_ACTIVITY_:
Write out, word for word, only the lines from the one containing "16) sign (1293,54,1295,62)" through the final line of the data.

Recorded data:
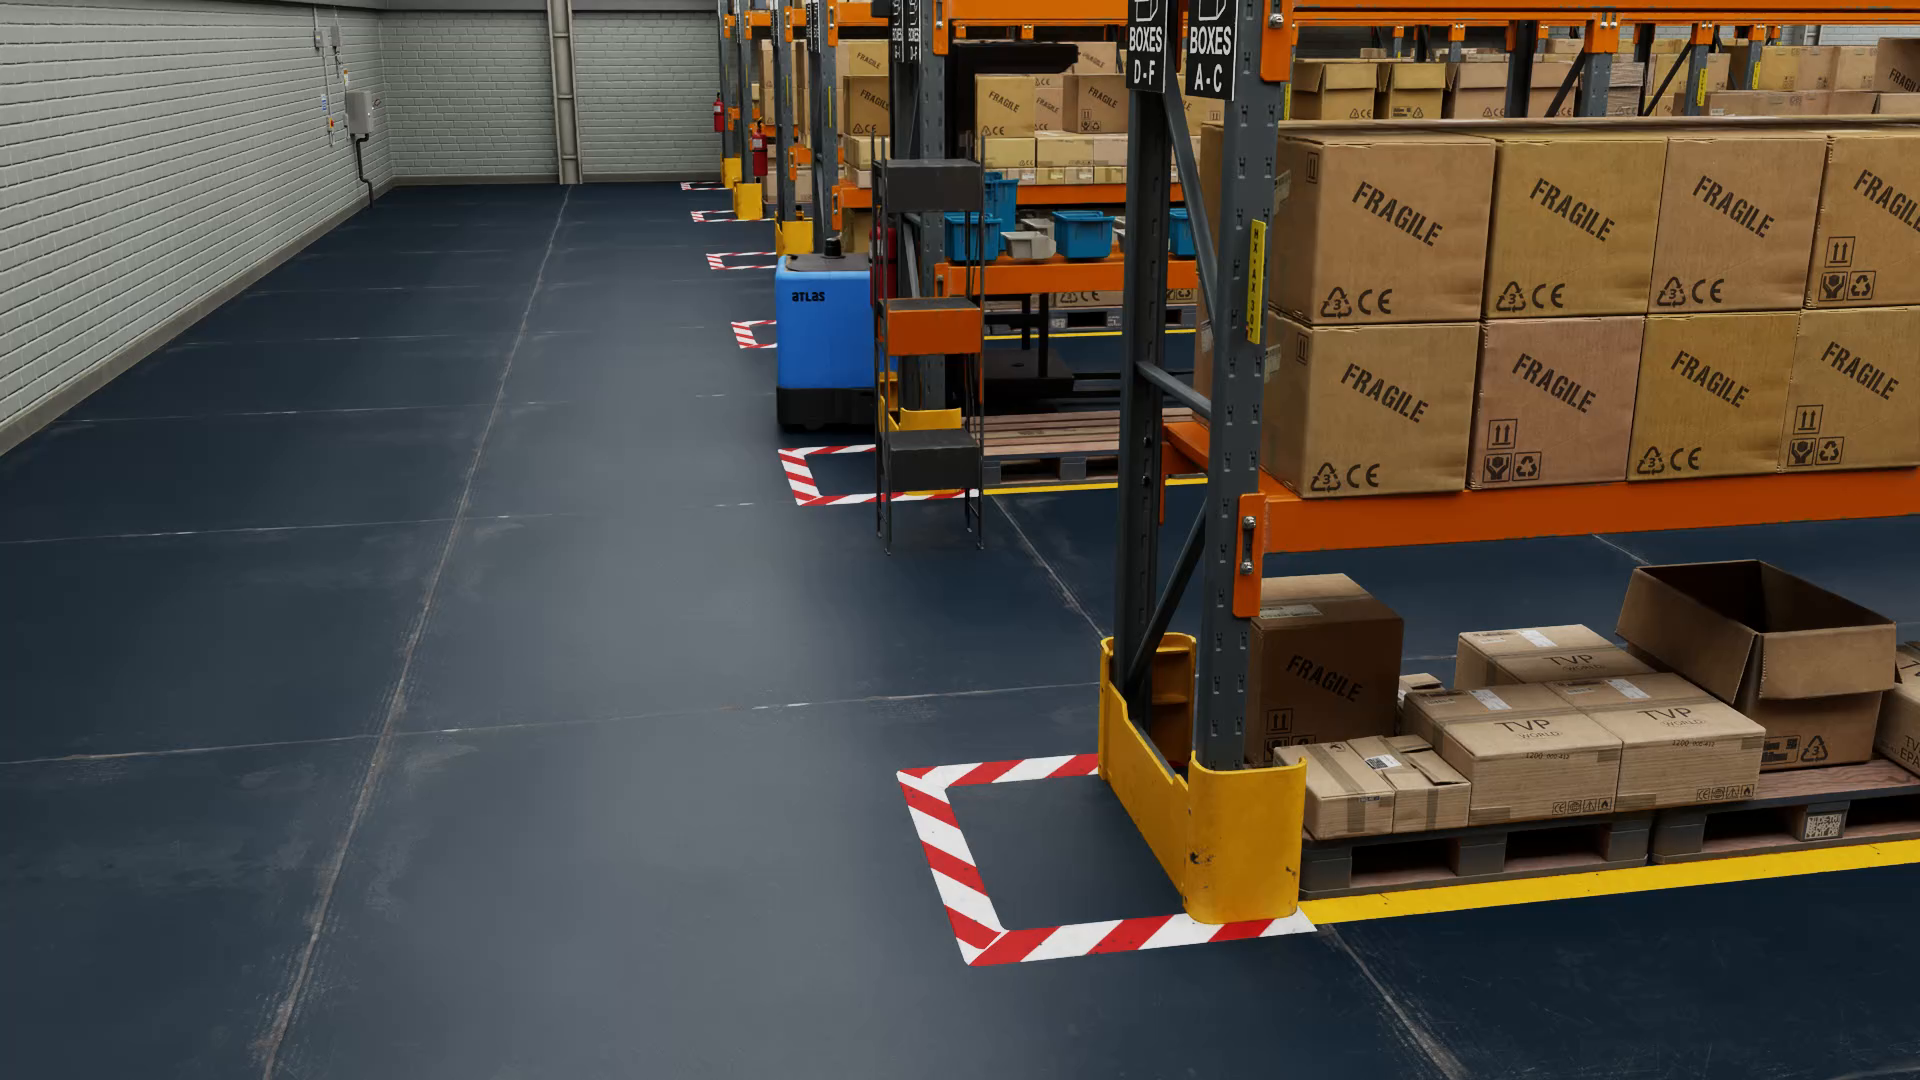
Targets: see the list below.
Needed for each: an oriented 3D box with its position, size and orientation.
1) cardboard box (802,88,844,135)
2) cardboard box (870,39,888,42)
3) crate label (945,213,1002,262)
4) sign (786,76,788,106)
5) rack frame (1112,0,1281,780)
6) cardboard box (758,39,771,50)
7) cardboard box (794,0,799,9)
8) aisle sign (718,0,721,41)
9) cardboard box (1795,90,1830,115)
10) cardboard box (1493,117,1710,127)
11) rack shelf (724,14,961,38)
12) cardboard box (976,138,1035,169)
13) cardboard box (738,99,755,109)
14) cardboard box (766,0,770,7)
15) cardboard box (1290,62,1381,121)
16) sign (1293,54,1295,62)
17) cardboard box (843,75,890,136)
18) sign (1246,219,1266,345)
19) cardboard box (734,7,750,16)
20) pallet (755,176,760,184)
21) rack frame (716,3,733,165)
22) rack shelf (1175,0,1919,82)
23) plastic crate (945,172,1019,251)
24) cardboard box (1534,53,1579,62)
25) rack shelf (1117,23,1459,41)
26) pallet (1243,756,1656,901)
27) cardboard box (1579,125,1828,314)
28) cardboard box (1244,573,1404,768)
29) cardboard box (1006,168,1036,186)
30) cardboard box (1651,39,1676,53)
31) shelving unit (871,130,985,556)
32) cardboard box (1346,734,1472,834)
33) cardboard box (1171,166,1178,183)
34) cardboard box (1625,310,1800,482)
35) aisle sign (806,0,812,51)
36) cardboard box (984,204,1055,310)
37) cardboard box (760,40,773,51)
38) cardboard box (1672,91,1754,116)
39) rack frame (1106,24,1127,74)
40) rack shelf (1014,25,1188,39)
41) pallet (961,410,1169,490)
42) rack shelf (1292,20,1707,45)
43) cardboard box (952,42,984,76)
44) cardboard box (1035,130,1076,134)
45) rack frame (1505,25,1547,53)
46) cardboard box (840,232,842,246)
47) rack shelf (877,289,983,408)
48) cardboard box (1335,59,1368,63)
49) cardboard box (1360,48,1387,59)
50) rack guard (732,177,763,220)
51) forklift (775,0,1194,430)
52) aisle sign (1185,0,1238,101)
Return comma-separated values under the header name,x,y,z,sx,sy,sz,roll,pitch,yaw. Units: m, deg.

_RESPONSE TO THIS EXERCISE_:
16) sign (1293,54,1295,62)
17) cardboard box (843,75,890,136)
18) sign (1246,219,1266,345)
19) cardboard box (734,7,750,16)
20) pallet (755,176,760,184)
21) rack frame (716,3,733,165)
22) rack shelf (1175,0,1919,82)
23) plastic crate (945,172,1019,251)
24) cardboard box (1534,53,1579,62)
25) rack shelf (1117,23,1459,41)
26) pallet (1243,756,1656,901)
27) cardboard box (1579,125,1828,314)
28) cardboard box (1244,573,1404,768)
29) cardboard box (1006,168,1036,186)
30) cardboard box (1651,39,1676,53)
31) shelving unit (871,130,985,556)
32) cardboard box (1346,734,1472,834)
33) cardboard box (1171,166,1178,183)
34) cardboard box (1625,310,1800,482)
35) aisle sign (806,0,812,51)
36) cardboard box (984,204,1055,310)
37) cardboard box (760,40,773,51)
38) cardboard box (1672,91,1754,116)
39) rack frame (1106,24,1127,74)
40) rack shelf (1014,25,1188,39)
41) pallet (961,410,1169,490)
42) rack shelf (1292,20,1707,45)
43) cardboard box (952,42,984,76)
44) cardboard box (1035,130,1076,134)
45) rack frame (1505,25,1547,53)
46) cardboard box (840,232,842,246)
47) rack shelf (877,289,983,408)
48) cardboard box (1335,59,1368,63)
49) cardboard box (1360,48,1387,59)
50) rack guard (732,177,763,220)
51) forklift (775,0,1194,430)
52) aisle sign (1185,0,1238,101)
Return comma-separated values under the header name,x,y,z,sx,sy,sz,roll,pitch,yaw. Units: m, deg.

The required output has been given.